This part of the script accomplishes two different goals: first it merges the data present in the LEDD script in a way that is is aligned with the EVENT_ID in the dataset (BL, V02, V04 etc). For this, we use the MDS-UPDRS 3 questionnaire as a proxy to gather these timeframes, as it seems to be one of the most complete questionnaires. Second, it calculates medication_specific LEDD based on synthax understanding. It calculates for levodopa, MAO-B, amantadine, anticholinergics etc

This script is just to showcase how you can identify the different ways levodopa are written. I did a manual check for most medication types that will be presented below to ensure most of them could be included in LEDD-specific medication calculations

In [None]:
# Selecting rows where the "LEDTRT" column contains 'Levodopa'
levodopa_rows = LEDD[LEDD['LEDTRT'].str.contains('Levodopa', case=False, na=False)]

# Printing or further processing the selected rows
levodopa_rows['LEDTRT'].value_counts().index.tolist()[0:5]

## Uniting LEDD to timepoints

In [None]:
# Defining names for specific categories
# Levodopa
levodopa_names = ['Levodopa', 'Dhivy', 'Duodopa', 'Duopa', 'Inbrija',
                  'Parcopa','Prolopa','Rytary','Sinemet','Stalevo']

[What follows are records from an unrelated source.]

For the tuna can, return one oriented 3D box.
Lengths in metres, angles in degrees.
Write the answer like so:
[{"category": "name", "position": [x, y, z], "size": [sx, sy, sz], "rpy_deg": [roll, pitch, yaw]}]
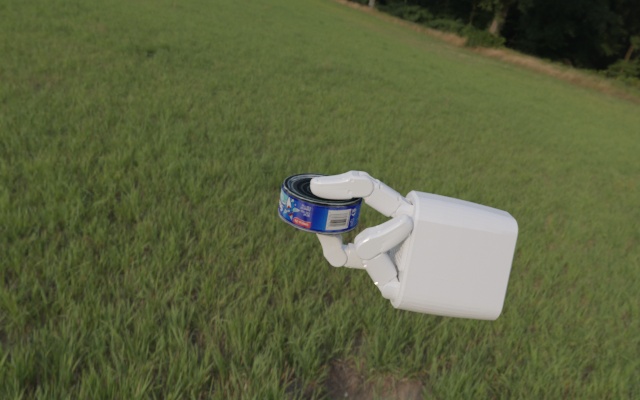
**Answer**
[{"category": "tuna can", "position": [0.000, 0.001, 0.497], "size": [0.086, 0.034, 0.086], "rpy_deg": [8, 23, -3]}]
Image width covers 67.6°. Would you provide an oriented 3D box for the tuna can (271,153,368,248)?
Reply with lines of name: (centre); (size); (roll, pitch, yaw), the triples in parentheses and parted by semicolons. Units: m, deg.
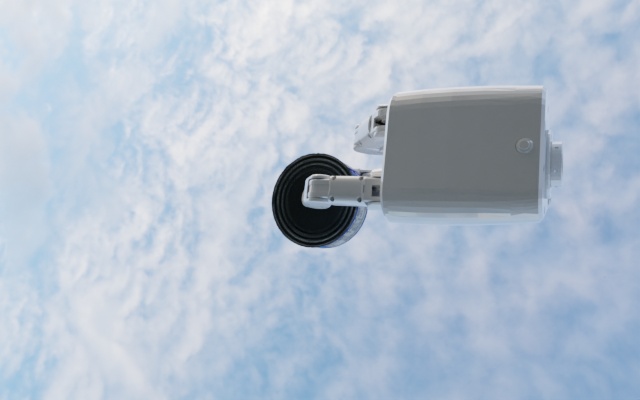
tuna can: (0.000, 0.002, 0.441); (0.086, 0.086, 0.034); (0, -8, 25)
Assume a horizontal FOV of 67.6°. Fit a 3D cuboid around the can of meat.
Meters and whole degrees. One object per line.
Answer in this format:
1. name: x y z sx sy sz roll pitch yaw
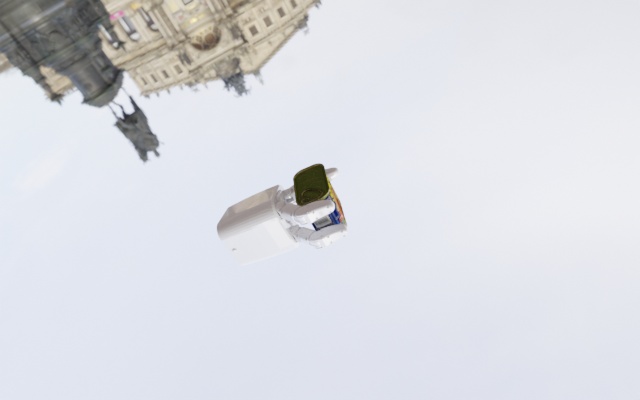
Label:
1. can of meat: 0.000 0.003 0.783 0.057 0.084 0.102 -23 35 8
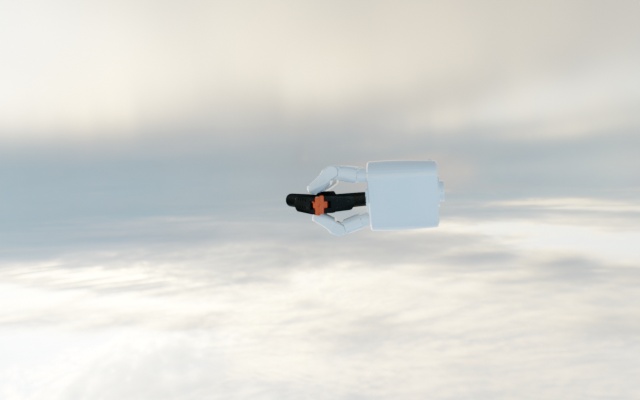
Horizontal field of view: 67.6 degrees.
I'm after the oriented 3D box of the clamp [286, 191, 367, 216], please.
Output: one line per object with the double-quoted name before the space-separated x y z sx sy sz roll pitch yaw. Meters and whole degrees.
"clamp" 0.000 0.003 0.787 0.164 0.036 0.210 -2 3 13
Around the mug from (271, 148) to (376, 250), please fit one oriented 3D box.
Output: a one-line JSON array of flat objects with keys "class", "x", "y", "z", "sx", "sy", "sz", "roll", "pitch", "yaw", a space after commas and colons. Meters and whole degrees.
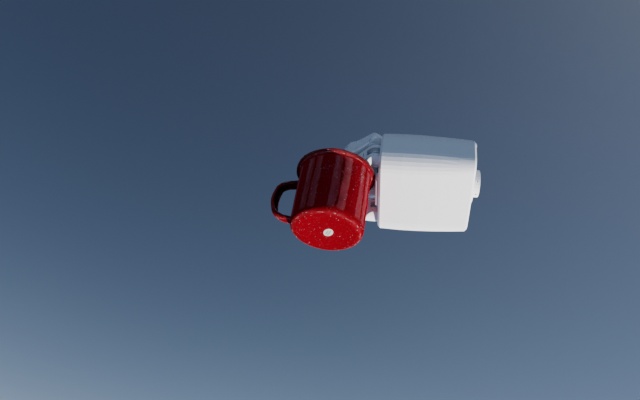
[{"class": "mug", "x": -0.001, "y": 0.002, "z": 0.538, "sx": 0.117, "sy": 0.081, "sz": 0.093, "roll": 2, "pitch": -37, "yaw": 11}]
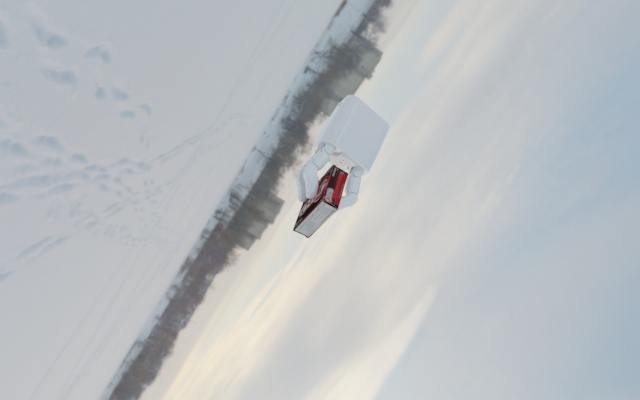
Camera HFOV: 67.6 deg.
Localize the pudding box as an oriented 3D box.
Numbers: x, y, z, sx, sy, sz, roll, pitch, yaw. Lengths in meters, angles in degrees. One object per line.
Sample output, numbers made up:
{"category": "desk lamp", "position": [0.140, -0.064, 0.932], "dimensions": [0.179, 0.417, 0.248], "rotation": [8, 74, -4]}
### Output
{"category": "pudding box", "position": [0.000, 0.003, 0.850], "dimensions": [0.039, 0.090, 0.113], "rotation": [29, -42, -10]}
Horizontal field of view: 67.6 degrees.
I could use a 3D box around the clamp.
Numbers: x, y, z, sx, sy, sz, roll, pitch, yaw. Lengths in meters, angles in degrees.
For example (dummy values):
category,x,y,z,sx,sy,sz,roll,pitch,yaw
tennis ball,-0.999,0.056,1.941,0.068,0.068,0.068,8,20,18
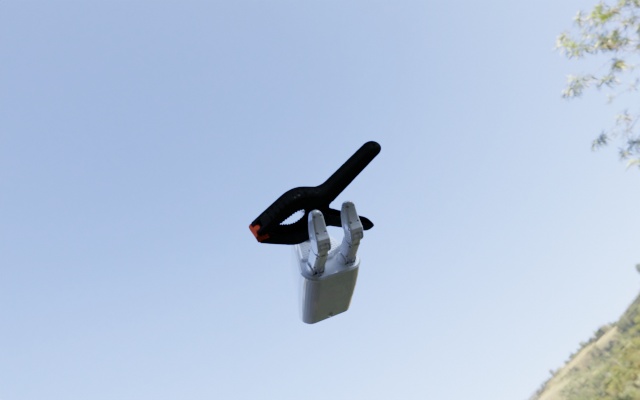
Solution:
category,x,y,z,sx,sy,sz,roll,pitch,yaw
clamp,-0.001,0.002,0.679,0.210,0.165,0.036,-16,42,-27

# Create a regex pattern that matches any of the terms
levodopopa_pattern = '|'.join(levodopa_names)

# Dopamine agonists
dopamine_agonist_names = ['Pramipexol', 'Mirapex', 'Mirapexin', 'Sifrol',
                          'Ropirinol', 'Requip', 'Rotigotin', 'Neupro',
                          'Apomorphin', 'Apokyn']

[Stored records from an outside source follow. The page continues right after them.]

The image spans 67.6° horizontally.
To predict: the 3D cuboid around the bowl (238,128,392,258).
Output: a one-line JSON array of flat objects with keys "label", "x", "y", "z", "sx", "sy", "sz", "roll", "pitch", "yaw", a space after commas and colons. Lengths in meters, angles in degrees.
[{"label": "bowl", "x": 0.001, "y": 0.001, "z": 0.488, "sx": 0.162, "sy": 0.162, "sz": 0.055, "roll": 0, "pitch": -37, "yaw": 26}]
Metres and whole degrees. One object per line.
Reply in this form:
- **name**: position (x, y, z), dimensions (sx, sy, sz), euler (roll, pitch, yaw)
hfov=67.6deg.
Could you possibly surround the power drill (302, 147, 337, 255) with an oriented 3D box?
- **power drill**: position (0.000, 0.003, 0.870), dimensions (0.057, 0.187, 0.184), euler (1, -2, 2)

# Create a regex pattern that matches any of the terms
dopamine_agonist_pattern = '|'.join(dopamine_agonist_names)

# MAO-B
maob_names = ['Selegilin', 'Eldepryl', 'Zelapar', 'Rasagilin', 'Azilect'
                          'Safinamid', 'Xadago']

# Create a regex pattern that matches any of the terms
maob_pattern = '|'.join(maob_names)

# COMT
comt_names = ['Entacapon', 'Comtan', 'Tolcapon', 'Tasmar',
              'Opicapon', 'Ongentys']

# Create a regex pattern that matches any of the terms
comt_pattern = '|'.join(comt_names)

# Muscarinic antagonist
anticholingergic_names = ['Trihexyphenidyl', 'Artanis', 'Biperiden', 'Akineton']

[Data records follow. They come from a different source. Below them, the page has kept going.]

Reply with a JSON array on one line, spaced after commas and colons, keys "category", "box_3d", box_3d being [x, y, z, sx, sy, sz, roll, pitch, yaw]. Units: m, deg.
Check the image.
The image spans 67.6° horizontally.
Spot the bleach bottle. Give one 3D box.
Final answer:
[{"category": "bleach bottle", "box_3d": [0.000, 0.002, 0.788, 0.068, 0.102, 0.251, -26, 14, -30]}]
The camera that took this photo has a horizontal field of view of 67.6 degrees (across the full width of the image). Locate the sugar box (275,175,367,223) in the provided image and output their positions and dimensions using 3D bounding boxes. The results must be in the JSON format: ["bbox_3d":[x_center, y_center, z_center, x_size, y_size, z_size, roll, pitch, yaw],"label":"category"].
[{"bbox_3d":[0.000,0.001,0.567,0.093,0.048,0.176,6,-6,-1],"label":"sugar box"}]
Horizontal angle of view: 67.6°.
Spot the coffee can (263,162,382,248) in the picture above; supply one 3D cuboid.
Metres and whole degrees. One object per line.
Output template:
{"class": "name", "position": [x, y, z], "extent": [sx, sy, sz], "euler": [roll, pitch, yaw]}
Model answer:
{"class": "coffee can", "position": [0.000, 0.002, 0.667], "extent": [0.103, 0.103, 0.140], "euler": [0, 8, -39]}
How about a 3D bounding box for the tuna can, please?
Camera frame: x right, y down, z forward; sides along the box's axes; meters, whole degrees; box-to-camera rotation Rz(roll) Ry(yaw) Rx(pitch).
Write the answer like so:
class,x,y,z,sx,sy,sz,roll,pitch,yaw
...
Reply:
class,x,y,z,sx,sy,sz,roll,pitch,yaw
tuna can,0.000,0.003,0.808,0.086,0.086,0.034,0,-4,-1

# Create a regex pattern that matches any of the terms
anticholingergic_pattern = '|'.join(anticholingergic_names)

# Amantadine (some typos present in the dataset, so giving all options)
amantadine_names = ['AMANDATINE', 'AMANDTADINE', 'AMANTADIN', 'AMANTADIN 100',
                    'AMANTADIN 150', 'AMANTADINA', 'AMANTADINE', 'AMANTADINE (100 MG)',
                    'AMANTADINE 100 MG', 'AMANTADINE 100MG', 'AMANTADINE HCL',
                    'AMANTADINE09', 'GOCOVERI', 'GOCOVRI', 'GOCOVRI 137 MG',
                    'GOCOVRI ER', 'Gocovri (Amantadine CR )', 'Gocovri (Amantadine CR)',
                     'OSMOLEX ER', 'Osmolex (Amantadine ER)']

# Create a regex pattern that matches any of the terms
amantadine_pattern = '|'.join(amantadine_names)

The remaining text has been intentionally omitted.